$$ \int_0^{58}\!\int_0^{\frac{41}{58}x}\!e^{-x^2}\,\mathrm{dy}\,\mathrm{d}x $$

To evaluate the double integral 

$$
\int_0^{58}\int_0^{\frac{41}{58}x} e^{-x^2} \, \mathrm{dy} \, \mathrm{d}x,
$$

we can start by evaluating the inner integral with respect to $ y $. Since $ e^{-x^2} $ is independent of $ y $, we can pull it out of the inner integral:

\[
\int_0^{\frac{41}{58}x} e^{-x^2} \, \mathrm{dy} = e^{-x^2} \int_0^{\frac{41}{58}x} \mathrm{dy}.
\]

The integral of $ 1 $ with respect to $ y $ is simply $ y $, so we get:

\[
\int_0^{\frac{41}{58}x} \mathrm{dy} = y \Big|_0^{\frac{41}{58}x} = \frac{41}{58}x.
\]

So the inner integral simplifies to:

\[
e^{-x^2} \cdot \frac{41}{58}x.
\]

Now, substitute this result back into the outer integral:

\[
\int_0^{58} \frac{41}{58}x e^{-x^2} \, \mathrm{d}x.
\]

We can pull the constant $ \frac{41}{58} $ out of the integral:

\[
\frac{41}{58} \int_0^{58} x e^{-x^2} \, \mathrm{d}x.
\]

To evaluate this integral, we use the substitution $ u = x^2 $, hence $ du = 2x \, \mathrm{d}x $, and $ x \, \mathrm{d}x = \frac{1}{2} du $. The limits of integration for $ u $ when $ x = 0 $ and $ x = 58 $ are $ u = 0 $ and $ u = 58^2 = 3364 $, respectively.
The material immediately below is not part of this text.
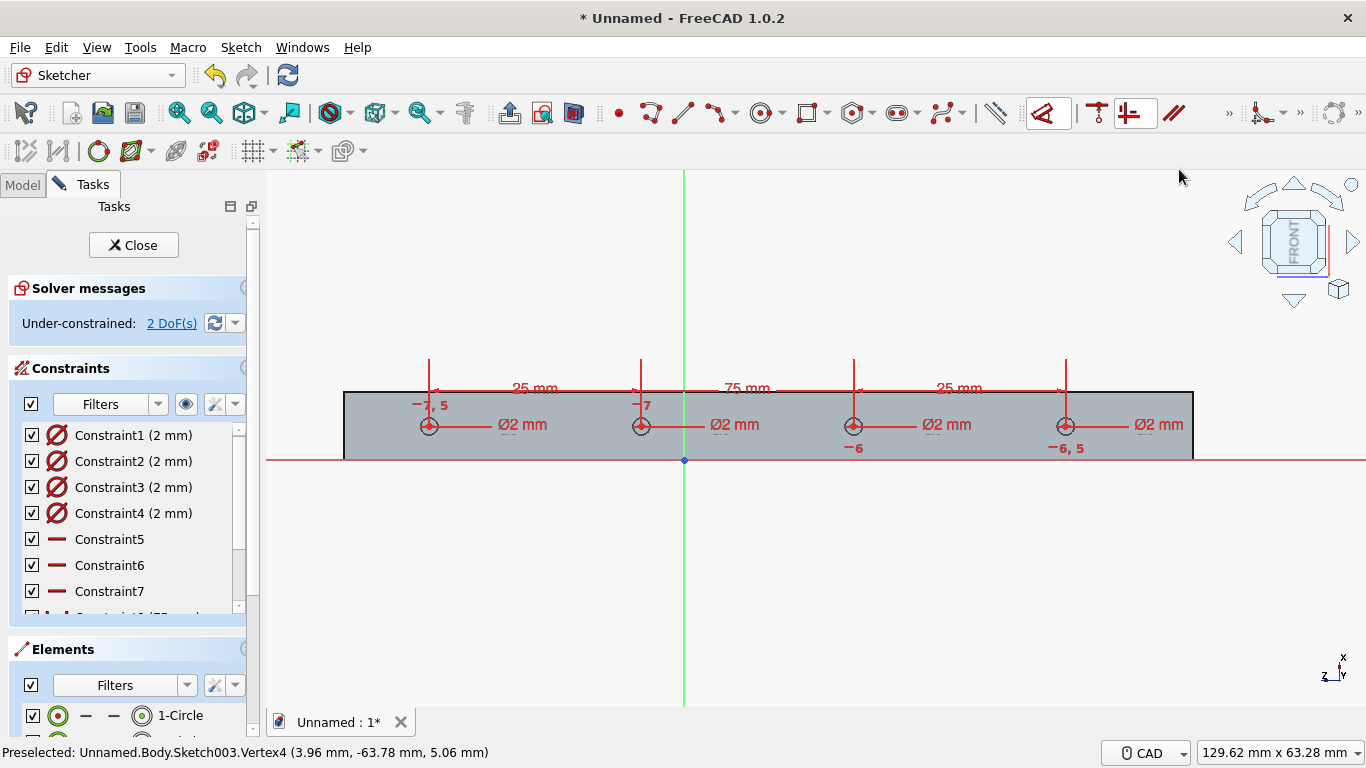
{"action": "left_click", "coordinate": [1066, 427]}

The integral then becomes:

\[
\frac{41}{58} \cdot \frac{1}{2} \int_0^{3364} e^{-u} \, \mathrm{d}u.
\]

The integral of $ e^{-u} $ with respect to $ u $ is $ -e^{-u} $, so we have:

\[
\frac{41}{116} \left[-e^{-u} \right]_0^{3364} = \frac{41}{116} \left[-e^{-3364} + e^0\right].
\]

Simplifying, we get:

\[
\frac{41}{116} \left[1 - e^{-3364} \right].
\]

Given that $ e^{-3364} $ is an extremely small number, we can approximate it as 0, leaving us with:

\[
\frac{41}{116} \approx 0.3534.
\]

So the value of the double integral is approximately $ 0.3534 $.

Do you want more details or have any questions?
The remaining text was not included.